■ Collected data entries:
- Opening Delimiter -

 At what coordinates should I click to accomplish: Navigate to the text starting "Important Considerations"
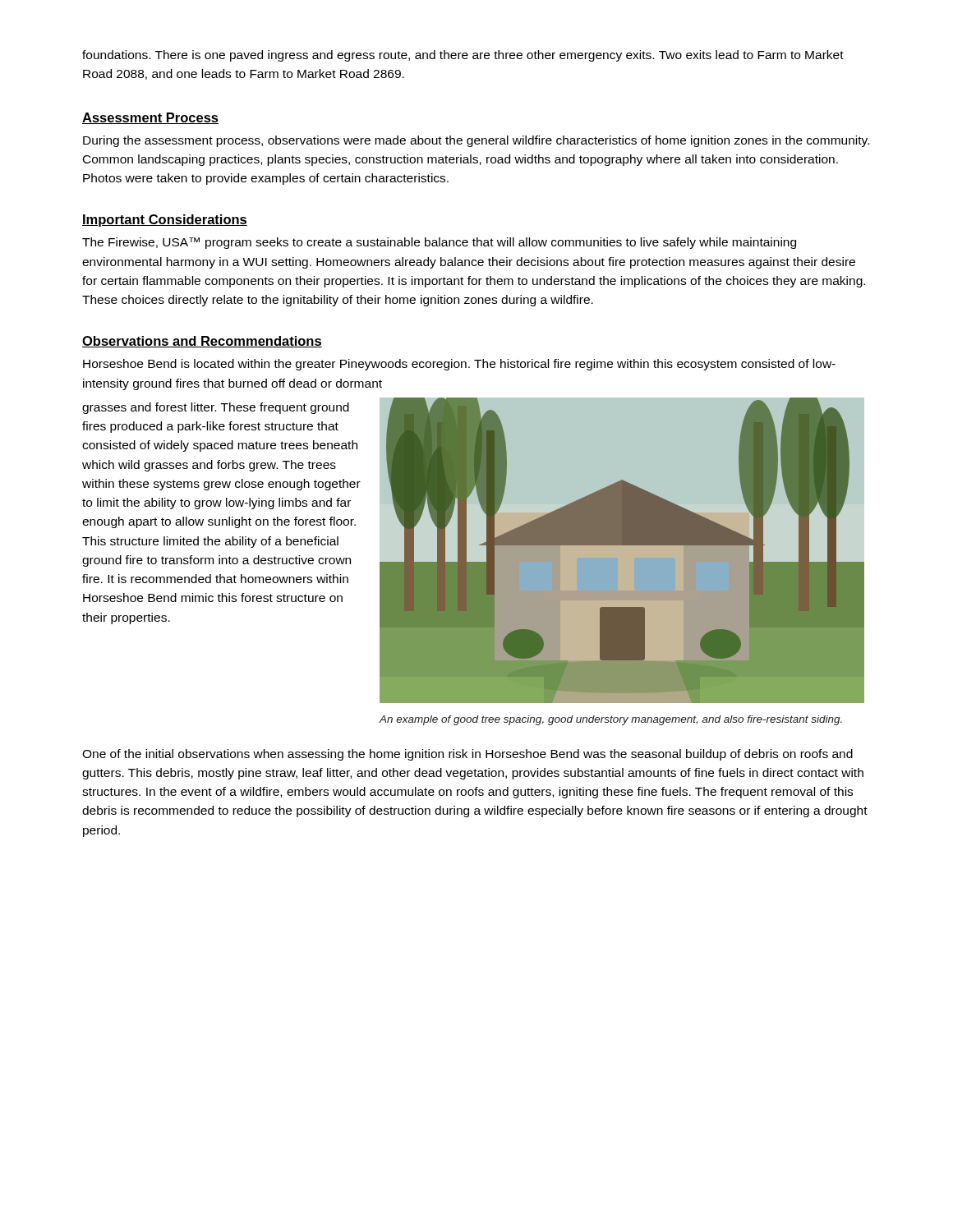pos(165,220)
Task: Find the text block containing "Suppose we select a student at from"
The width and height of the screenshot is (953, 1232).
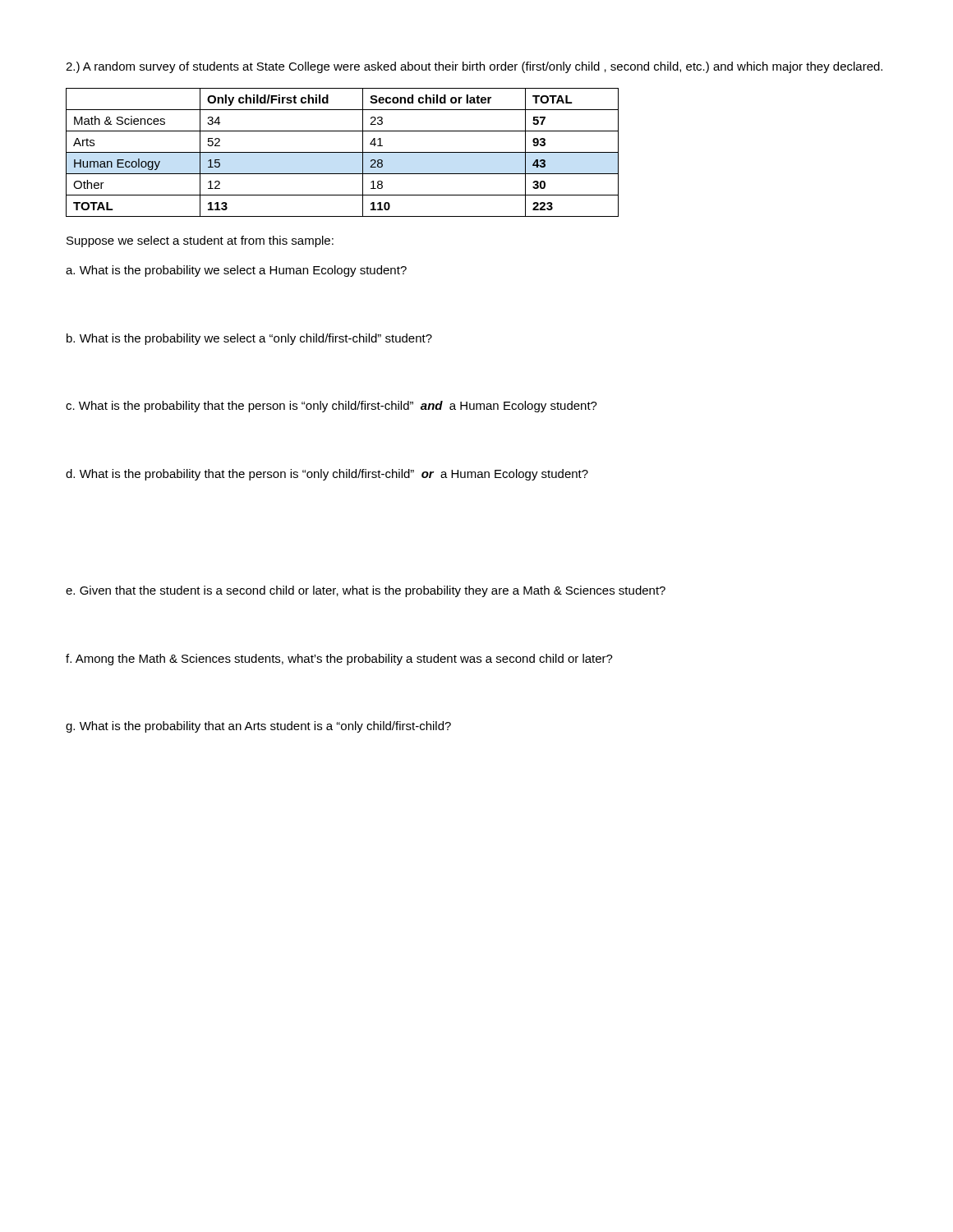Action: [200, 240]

- Closing Delimiter -

■ REQUIRED ACTION: From the first line above to the last, reproduce the records exactly but without the pictures.

■ RESULT OF THIS EXERCISE:
 At what coordinates should I click to accomplish: Navigate to the text starting "Important Considerations"
pos(165,220)
Task: Find the text block containing "Suppose we select a student at from"
The width and height of the screenshot is (953, 1232).
Action: [200, 240]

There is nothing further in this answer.